* [EXERCISE DESCRIPTION]:
Would you retype the listing below exactly as given?

⟨

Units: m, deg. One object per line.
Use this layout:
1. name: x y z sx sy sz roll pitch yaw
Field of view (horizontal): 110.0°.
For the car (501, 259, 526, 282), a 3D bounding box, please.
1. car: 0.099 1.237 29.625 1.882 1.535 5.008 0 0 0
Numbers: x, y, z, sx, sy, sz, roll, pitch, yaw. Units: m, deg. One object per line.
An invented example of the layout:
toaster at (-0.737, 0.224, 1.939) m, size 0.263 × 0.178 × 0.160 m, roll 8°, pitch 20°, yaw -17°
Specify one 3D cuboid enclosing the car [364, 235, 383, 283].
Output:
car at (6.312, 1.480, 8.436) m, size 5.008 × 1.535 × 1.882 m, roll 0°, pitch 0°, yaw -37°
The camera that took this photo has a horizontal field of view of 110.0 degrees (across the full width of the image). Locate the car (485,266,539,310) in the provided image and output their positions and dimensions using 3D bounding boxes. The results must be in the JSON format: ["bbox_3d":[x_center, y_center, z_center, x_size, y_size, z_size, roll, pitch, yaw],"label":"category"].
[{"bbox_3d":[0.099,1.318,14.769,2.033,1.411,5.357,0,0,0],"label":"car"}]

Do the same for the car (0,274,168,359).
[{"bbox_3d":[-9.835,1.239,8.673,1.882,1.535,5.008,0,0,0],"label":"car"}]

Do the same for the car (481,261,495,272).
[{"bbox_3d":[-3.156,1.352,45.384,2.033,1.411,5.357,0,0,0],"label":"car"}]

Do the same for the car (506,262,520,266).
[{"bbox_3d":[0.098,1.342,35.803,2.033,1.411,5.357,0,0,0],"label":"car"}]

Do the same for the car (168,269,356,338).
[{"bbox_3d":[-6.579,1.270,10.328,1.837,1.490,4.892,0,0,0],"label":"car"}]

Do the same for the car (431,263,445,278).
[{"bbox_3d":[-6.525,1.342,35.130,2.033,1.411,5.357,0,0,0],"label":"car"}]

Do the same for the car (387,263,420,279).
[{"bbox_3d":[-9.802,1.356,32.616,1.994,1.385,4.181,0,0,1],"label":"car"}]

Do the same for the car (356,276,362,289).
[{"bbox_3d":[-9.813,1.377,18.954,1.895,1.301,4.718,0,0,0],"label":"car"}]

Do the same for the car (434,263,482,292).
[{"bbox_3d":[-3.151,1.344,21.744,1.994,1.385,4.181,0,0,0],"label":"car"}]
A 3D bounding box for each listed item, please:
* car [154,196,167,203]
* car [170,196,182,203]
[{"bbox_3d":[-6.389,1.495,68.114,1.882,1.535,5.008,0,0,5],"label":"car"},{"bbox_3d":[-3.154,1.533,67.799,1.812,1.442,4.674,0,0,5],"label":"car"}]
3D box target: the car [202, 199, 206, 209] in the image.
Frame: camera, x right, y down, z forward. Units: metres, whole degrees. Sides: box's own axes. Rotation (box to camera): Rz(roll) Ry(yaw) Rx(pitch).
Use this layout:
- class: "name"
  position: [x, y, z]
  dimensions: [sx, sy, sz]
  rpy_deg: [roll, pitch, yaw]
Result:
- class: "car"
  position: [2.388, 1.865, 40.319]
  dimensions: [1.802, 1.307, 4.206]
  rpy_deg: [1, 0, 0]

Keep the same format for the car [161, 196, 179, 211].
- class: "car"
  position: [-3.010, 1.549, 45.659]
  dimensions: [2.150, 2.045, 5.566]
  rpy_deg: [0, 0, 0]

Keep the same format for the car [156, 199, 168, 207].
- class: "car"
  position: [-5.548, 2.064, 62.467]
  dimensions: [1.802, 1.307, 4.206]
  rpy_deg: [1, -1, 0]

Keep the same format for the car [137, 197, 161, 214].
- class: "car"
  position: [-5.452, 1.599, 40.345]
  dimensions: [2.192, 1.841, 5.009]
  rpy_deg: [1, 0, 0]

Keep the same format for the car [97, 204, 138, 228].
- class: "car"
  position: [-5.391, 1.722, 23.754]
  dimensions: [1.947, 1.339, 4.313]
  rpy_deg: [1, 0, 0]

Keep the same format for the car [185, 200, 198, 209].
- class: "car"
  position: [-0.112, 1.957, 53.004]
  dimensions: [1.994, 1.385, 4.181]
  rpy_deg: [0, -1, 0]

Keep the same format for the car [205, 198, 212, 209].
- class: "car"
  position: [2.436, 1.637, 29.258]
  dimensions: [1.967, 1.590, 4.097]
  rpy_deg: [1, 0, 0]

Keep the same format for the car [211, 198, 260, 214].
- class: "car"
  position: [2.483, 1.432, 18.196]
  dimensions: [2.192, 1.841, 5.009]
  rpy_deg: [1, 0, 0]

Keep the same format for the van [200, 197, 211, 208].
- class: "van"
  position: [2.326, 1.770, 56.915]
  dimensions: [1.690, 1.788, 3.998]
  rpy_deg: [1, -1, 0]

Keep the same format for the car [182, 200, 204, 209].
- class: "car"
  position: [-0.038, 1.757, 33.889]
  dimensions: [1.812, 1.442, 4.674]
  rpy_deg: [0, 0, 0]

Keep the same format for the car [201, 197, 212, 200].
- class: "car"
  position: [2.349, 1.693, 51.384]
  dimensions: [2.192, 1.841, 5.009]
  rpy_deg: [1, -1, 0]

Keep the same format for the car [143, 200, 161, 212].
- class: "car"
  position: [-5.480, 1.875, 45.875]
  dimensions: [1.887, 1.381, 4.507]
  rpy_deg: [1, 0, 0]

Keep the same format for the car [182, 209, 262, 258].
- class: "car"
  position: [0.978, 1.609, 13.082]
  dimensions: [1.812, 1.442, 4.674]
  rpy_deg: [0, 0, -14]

⟩

* [SOLUTION TO THIS TASK]:
Units: m, deg. One object per line.
Use this layout:
1. name: x y z sx sy sz roll pitch yaw
Field of view (horizontal): 110.0°.
For the car (501, 259, 526, 282), a 3D bounding box, please.
1. car: 0.099 1.237 29.625 1.882 1.535 5.008 0 0 0
Numbers: x, y, z, sx, sy, sz, roll, pitch, yaw. Units: m, deg. One object per line.
An invented example of the layout:
toaster at (-0.737, 0.224, 1.939) m, size 0.263 × 0.178 × 0.160 m, roll 8°, pitch 20°, yaw -17°
Specify one 3D cuboid enclosing the car [364, 235, 383, 283].
Output:
car at (6.312, 1.480, 8.436) m, size 5.008 × 1.535 × 1.882 m, roll 0°, pitch 0°, yaw -37°
The camera that took this photo has a horizontal field of view of 110.0 degrees (across the full width of the image). Locate the car (485,266,539,310) in the provided image and output their positions and dimensions using 3D bounding boxes. The results must be in the JSON format: ["bbox_3d":[x_center, y_center, z_center, x_size, y_size, z_size, roll, pitch, yaw],"label":"category"].
[{"bbox_3d":[0.099,1.318,14.769,2.033,1.411,5.357,0,0,0],"label":"car"}]

Do the same for the car (0,274,168,359).
[{"bbox_3d":[-9.835,1.239,8.673,1.882,1.535,5.008,0,0,0],"label":"car"}]

Do the same for the car (481,261,495,272).
[{"bbox_3d":[-3.156,1.352,45.384,2.033,1.411,5.357,0,0,0],"label":"car"}]

Do the same for the car (506,262,520,266).
[{"bbox_3d":[0.098,1.342,35.803,2.033,1.411,5.357,0,0,0],"label":"car"}]

Do the same for the car (168,269,356,338).
[{"bbox_3d":[-6.579,1.270,10.328,1.837,1.490,4.892,0,0,0],"label":"car"}]

Do the same for the car (431,263,445,278).
[{"bbox_3d":[-6.525,1.342,35.130,2.033,1.411,5.357,0,0,0],"label":"car"}]

Do the same for the car (387,263,420,279).
[{"bbox_3d":[-9.802,1.356,32.616,1.994,1.385,4.181,0,0,1],"label":"car"}]

Do the same for the car (356,276,362,289).
[{"bbox_3d":[-9.813,1.377,18.954,1.895,1.301,4.718,0,0,0],"label":"car"}]

Do the same for the car (434,263,482,292).
[{"bbox_3d":[-3.151,1.344,21.744,1.994,1.385,4.181,0,0,0],"label":"car"}]
A 3D bounding box for each listed item, please:
* car [154,196,167,203]
* car [170,196,182,203]
[{"bbox_3d":[-6.389,1.495,68.114,1.882,1.535,5.008,0,0,5],"label":"car"},{"bbox_3d":[-3.154,1.533,67.799,1.812,1.442,4.674,0,0,5],"label":"car"}]
3D box target: the car [202, 199, 206, 209] in the image.
Frame: camera, x right, y down, z forward. Units: metres, whole degrees. Sides: box's own axes. Rotation (box to camera): Rz(roll) Ry(yaw) Rx(pitch).
Use this layout:
- class: "name"
  position: [x, y, z]
  dimensions: [sx, sy, sz]
  rpy_deg: [roll, pitch, yaw]
Result:
- class: "car"
  position: [2.388, 1.865, 40.319]
  dimensions: [1.802, 1.307, 4.206]
  rpy_deg: [1, 0, 0]

Keep the same format for the car [161, 196, 179, 211].
- class: "car"
  position: [-3.010, 1.549, 45.659]
  dimensions: [2.150, 2.045, 5.566]
  rpy_deg: [0, 0, 0]

Keep the same format for the car [156, 199, 168, 207].
- class: "car"
  position: [-5.548, 2.064, 62.467]
  dimensions: [1.802, 1.307, 4.206]
  rpy_deg: [1, -1, 0]

Keep the same format for the car [137, 197, 161, 214].
- class: "car"
  position: [-5.452, 1.599, 40.345]
  dimensions: [2.192, 1.841, 5.009]
  rpy_deg: [1, 0, 0]

Keep the same format for the car [97, 204, 138, 228].
- class: "car"
  position: [-5.391, 1.722, 23.754]
  dimensions: [1.947, 1.339, 4.313]
  rpy_deg: [1, 0, 0]

Keep the same format for the car [185, 200, 198, 209].
- class: "car"
  position: [-0.112, 1.957, 53.004]
  dimensions: [1.994, 1.385, 4.181]
  rpy_deg: [0, -1, 0]

Keep the same format for the car [205, 198, 212, 209].
- class: "car"
  position: [2.436, 1.637, 29.258]
  dimensions: [1.967, 1.590, 4.097]
  rpy_deg: [1, 0, 0]

Keep the same format for the car [211, 198, 260, 214].
- class: "car"
  position: [2.483, 1.432, 18.196]
  dimensions: [2.192, 1.841, 5.009]
  rpy_deg: [1, 0, 0]

Keep the same format for the van [200, 197, 211, 208].
- class: "van"
  position: [2.326, 1.770, 56.915]
  dimensions: [1.690, 1.788, 3.998]
  rpy_deg: [1, -1, 0]

Keep the same format for the car [182, 200, 204, 209].
- class: "car"
  position: [-0.038, 1.757, 33.889]
  dimensions: [1.812, 1.442, 4.674]
  rpy_deg: [0, 0, 0]

Keep the same format for the car [201, 197, 212, 200].
- class: "car"
  position: [2.349, 1.693, 51.384]
  dimensions: [2.192, 1.841, 5.009]
  rpy_deg: [1, -1, 0]

Keep the same format for the car [143, 200, 161, 212].
- class: "car"
  position: [-5.480, 1.875, 45.875]
  dimensions: [1.887, 1.381, 4.507]
  rpy_deg: [1, 0, 0]

Keep the same format for the car [182, 209, 262, 258].
- class: "car"
  position: [0.978, 1.609, 13.082]
  dimensions: [1.812, 1.442, 4.674]
  rpy_deg: [0, 0, -14]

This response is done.